I had also expected it to be overwhelmingly difficult. Instead I was surprised at the relative ease with which I climbed. By Chalet Reynard I'd gotten through eight or nine kilometres of average gradients of nine and ten percent. Still I was feeling strong - a good thing with Ironman Regensburg only a couple of weeks away.

From here on, I could see the observatory on the top of Ventoux. At times it seemed close, and it others, it seemed further and further away. I toiled away, getting ever closer, and taking the time to check out the view. It was impressive.

I'd saved something for the last few ks. Just as well, they became quite brutal! But before too long, I reached the summit. I wasn't all that disappointed with my time of 2:28, with an average speed of just under 8.5ks per hour.


At the top I chatted to some cyclists from the Netherlands, who informed me that in this year's tour there were more Aussie starters than Dutchies. I knew it was a good year for the Australian contingent, but didn't know how we stacked up against other nations, particularly a cycling stalwart such as Holland! We joked about how the Dutchies will always turn up to the Tour even if they didn't have any countrymen to support - they love the Tour and the legions of orange clad fans are easy to spot for three weeks in July.
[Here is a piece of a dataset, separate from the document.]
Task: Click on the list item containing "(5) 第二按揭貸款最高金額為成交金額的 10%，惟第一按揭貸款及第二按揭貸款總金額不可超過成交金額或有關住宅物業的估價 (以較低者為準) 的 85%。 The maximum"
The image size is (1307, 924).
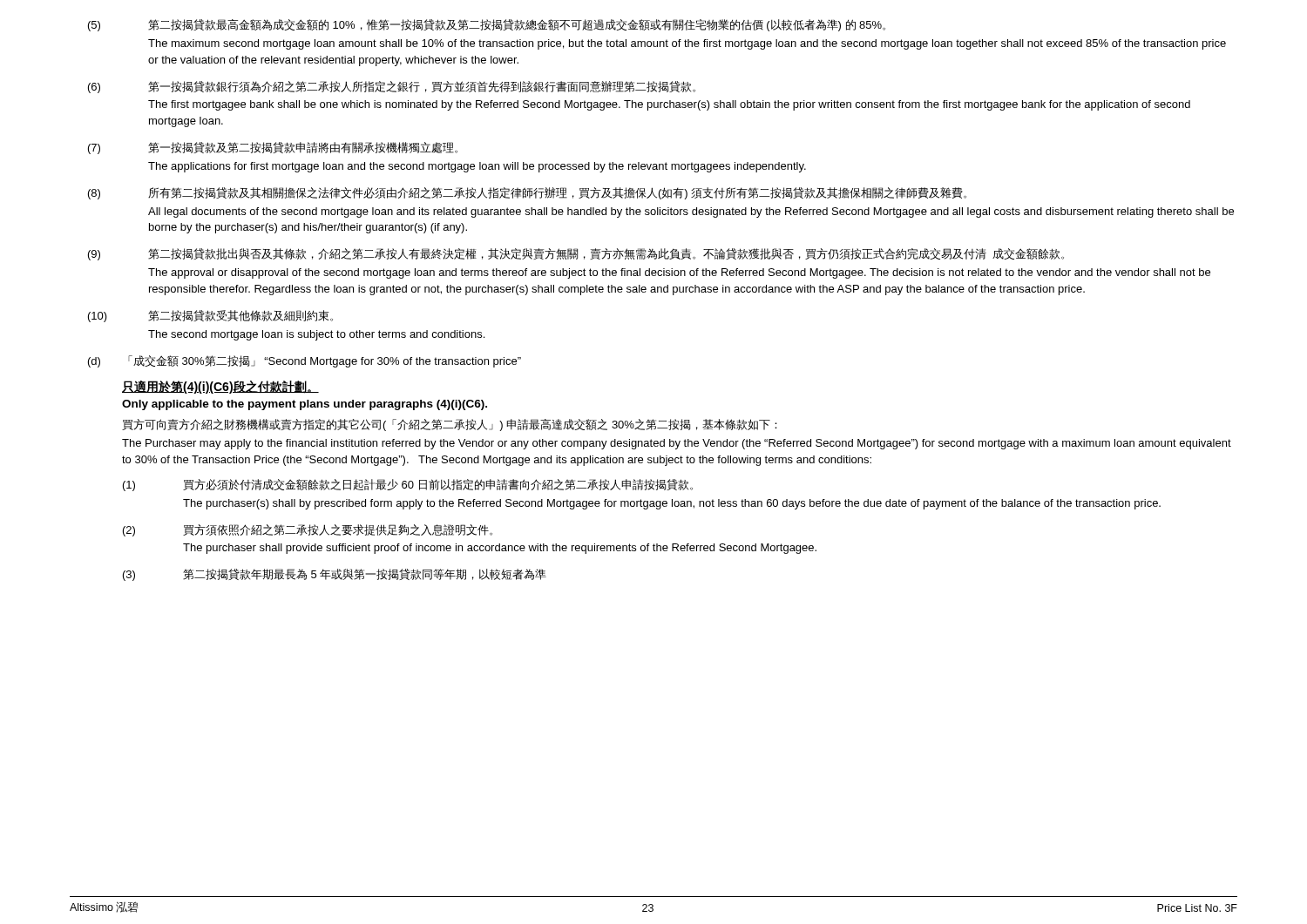Action: point(662,43)

After taking in the view for a little longer, I began the descent. I passed slowly by the cyclists who stopped to pay homage at the memorial dedicated to British tour rider Tom Simpson, who died on the mountain. There were more and more cyclists ascending now, and the closer to the bottom I got, the more there were. Large groups, single cyclists, and others with their families and partners waiting by the side of the road, cheering them on and armed with cameras to record the momentous occasion of them cycling the great Mont Ventoux.

I became very aware of what I'd achieved and I smiled.